Aging entrepreneurs need transition plan

By Steven Lamb | February 1, 2005 | Last updated on February 1, 2005
3 min read

(February 1, 2005) While most financial advisors are already aware of the impending intergenerational transfer of wealth in a general sense, a new study by CIBC finds a new wrinkle in this massive shift of economic power.

Within the next five years, half a million small business owners will retire, resulting in the transfer of about $1.2 trillion by 2010, according to a report released today, entitled “Are Canadian Entrepreneurs Ready for Retirement?”

“In the next 15 years, half of Canada’s current small business owners expect to retire,” said Rob Paterson, senior vice-president, CIBC small business banking. “This figure is staggering, even though we know that there has been 7.5% growth annually in the number of firms run by individuals aged 55 to 64 since 2000.”

Even though they are rapidly approaching retirement age, many small business owners are not taking full advantage of their RRSPs — but these are the very people the program was developed for in the first place. The RRSP was originally intended as a personal pension for self-employed professionals who did not have access to a corporate plan.

Just 22% of all small business owners maximized their RRSP contribution in 2003, while 32% of those between 55 and 64 years of age did so. But only 35% of small business owners contributed to their RRSP in 2003 at all.

“By the end of 2003, the cumulative unused RRSP room for self-employed Canadians ballooned to $370 billion, or nearly $20,000 per small business owner with an RRSP,” said Paterson. “This suggests that entrepreneurs are not as ready for retirement as they can and should be.”

On the upside, small business owners are more likely to have an RRSP, with 70% taking advantage of the program compared to just 55% of salaried employees. They appear confident that the sale of their business will provide a solid financial base for their retirement, making up about 31% of their expected retirement income, while they expect RRSPs to account for 28% of their income.

But the study says only about 40% have a clear strategy for exiting their business, and 60% of those aged 55 to 64 have yet to even discuss their plans with family or business partners. About 15% want to pass the business on to their family, while 40% hope to sell it outright.

Advisors should make sure their entrepreneur clients have a business succession plan in place. If you haven’t specifically discussed it, now is the time to ask. Transition plans should be periodically reviewed as well, just in case the client’s goals or their wishes have changed.

It appears financial advisors are not immune from this planning shortfall.

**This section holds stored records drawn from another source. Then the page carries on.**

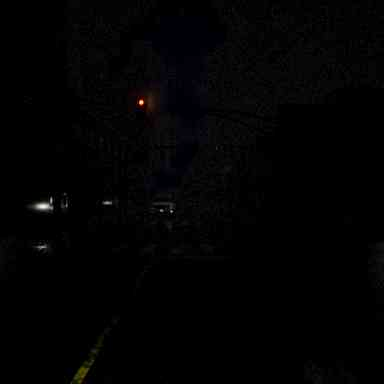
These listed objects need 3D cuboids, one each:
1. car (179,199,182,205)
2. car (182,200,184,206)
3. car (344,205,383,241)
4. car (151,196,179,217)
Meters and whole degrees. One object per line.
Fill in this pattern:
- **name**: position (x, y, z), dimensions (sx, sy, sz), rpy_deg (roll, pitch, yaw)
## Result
- **car**: position (-2.776, 1.846, 46.205), dimensions (2.033, 1.411, 5.357), rpy_deg (0, -1, 0)
- **car**: position (-2.647, 2.120, 66.778), dimensions (1.837, 1.490, 4.892), rpy_deg (0, -1, 0)
- **car**: position (10.842, 1.642, 17.862), dimensions (5.009, 1.841, 2.192), rpy_deg (1, -1, 0)
- **car**: position (-2.796, 1.392, 33.349), dimensions (2.150, 2.045, 5.566), rpy_deg (0, 0, 0)
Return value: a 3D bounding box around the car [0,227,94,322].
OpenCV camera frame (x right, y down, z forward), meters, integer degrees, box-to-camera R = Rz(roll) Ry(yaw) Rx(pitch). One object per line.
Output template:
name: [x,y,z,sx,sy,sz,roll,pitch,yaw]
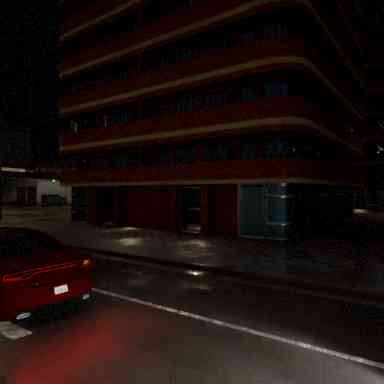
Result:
car: [-4.207,1.478,6.996,5.008,1.535,1.882,0,0,35]
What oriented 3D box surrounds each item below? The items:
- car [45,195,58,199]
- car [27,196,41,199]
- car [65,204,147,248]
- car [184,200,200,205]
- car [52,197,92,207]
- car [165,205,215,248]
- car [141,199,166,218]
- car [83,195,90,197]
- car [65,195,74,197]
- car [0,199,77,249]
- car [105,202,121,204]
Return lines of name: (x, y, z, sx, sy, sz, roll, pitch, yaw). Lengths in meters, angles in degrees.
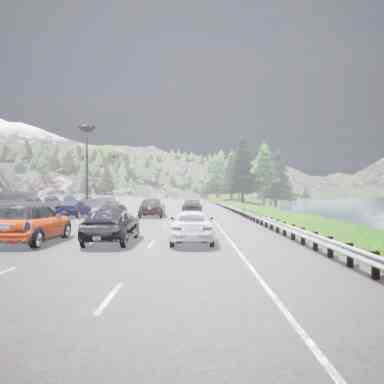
car: (-29.504, 1.434, 69.870, 1.882, 1.535, 5.008, 0, 0, -8)
car: (-32.951, 1.512, 69.261, 1.994, 1.385, 4.181, 0, 0, -8)
car: (-3.500, 1.492, 14.650, 2.128, 1.511, 4.902, 0, 0, 0)
car: (0.000, 1.514, 29.650, 1.837, 1.490, 4.892, 0, 0, 0)
car: (-10.500, 1.482, 29.650, 1.882, 1.535, 5.008, 0, 0, 0)
car: (0.000, 1.530, 14.650, 1.812, 1.442, 4.674, 0, 0, 0)
car: (-3.500, 1.363, 29.620, 2.097, 1.767, 4.553, 0, 0, 0)
car: (-22.610, 1.473, 71.087, 1.812, 1.442, 4.674, 0, 0, -8)
car: (-26.057, 1.452, 70.478, 1.837, 1.490, 4.892, 0, 0, -8)
car: (-7.000, 1.363, 14.620, 2.097, 1.767, 4.553, 0, 0, 0)
car: (-7.000, 1.570, 29.650, 1.994, 1.385, 4.181, 0, 0, 0)
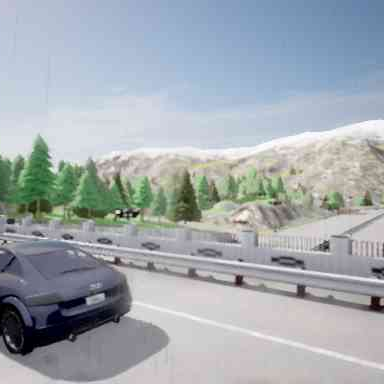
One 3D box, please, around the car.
[{"bbox_3d":[-3.084,1.603,6.195,4.181,1.385,1.994,0,0,36],"label":"car"}]
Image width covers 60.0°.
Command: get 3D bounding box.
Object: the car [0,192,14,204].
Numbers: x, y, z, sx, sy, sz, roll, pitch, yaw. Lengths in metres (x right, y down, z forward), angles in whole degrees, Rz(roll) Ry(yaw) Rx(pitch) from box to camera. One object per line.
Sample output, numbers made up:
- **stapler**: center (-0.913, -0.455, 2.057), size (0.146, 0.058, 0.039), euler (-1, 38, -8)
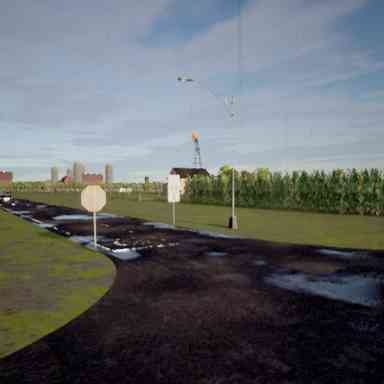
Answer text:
- **car**: center (-25.444, 0.753, 45.159), size (2.128, 1.511, 4.902), euler (-1, 1, -36)
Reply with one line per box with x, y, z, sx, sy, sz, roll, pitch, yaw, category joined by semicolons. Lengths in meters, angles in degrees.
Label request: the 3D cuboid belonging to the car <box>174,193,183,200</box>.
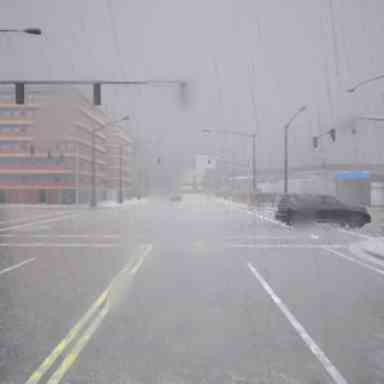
-3.527;1.137;84.714;2.097;1.767;4.553;0;0;0;car

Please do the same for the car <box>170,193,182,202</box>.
-3.522;1.422;68.877;1.895;1.301;4.718;0;0;0;car

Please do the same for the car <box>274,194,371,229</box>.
7.921;1.165;20.550;5.566;2.045;2.150;0;0;1;car
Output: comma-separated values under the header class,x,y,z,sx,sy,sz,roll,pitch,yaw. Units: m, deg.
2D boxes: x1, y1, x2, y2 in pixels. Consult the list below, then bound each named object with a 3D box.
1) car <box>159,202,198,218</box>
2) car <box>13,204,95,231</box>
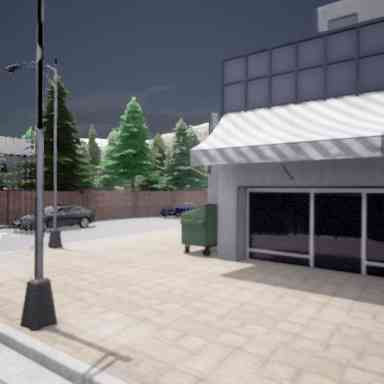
class,x,y,z,sx,sy,sz,roll,pitch,yaw
car,-0.866,1.640,30.529,1.895,1.301,4.718,1,0,36
car,-8.326,1.543,20.446,1.837,1.490,4.892,1,0,36
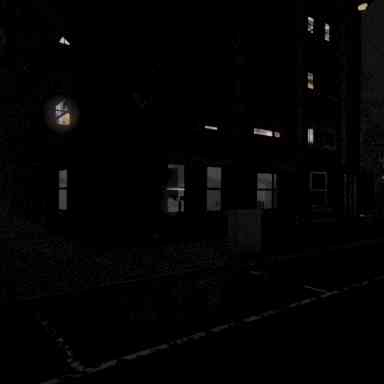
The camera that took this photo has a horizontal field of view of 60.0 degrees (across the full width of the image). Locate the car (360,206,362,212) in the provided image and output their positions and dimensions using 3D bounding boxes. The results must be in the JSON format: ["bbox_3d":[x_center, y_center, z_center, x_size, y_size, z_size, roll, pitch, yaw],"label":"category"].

While they may focus on planning for others, they frequently overlook their own eventual business succession needs.

According to Advisor.ca research, about one third of Canadian advisors are already in their 60s, with other studies showing a similar demographic in the U.S. and Australia. Many have yet to lay out a plan for transitioning their business, leaving their clients at risk, according to Mark Tibergien of Moss-Adams Advisory Services in Seattle. He says too many of these aging advisors are reluctant to train the next generation of independent service providers.

“For many advisors, there’s discomfort in bringing along the associate because of a perceived threat to the advisor’s ego, income and client relationships,” Tibergien says. “At some point, if you are investing in a person, you want to see them flourish.

“The more you can grow your partners, the more you can grow your business.”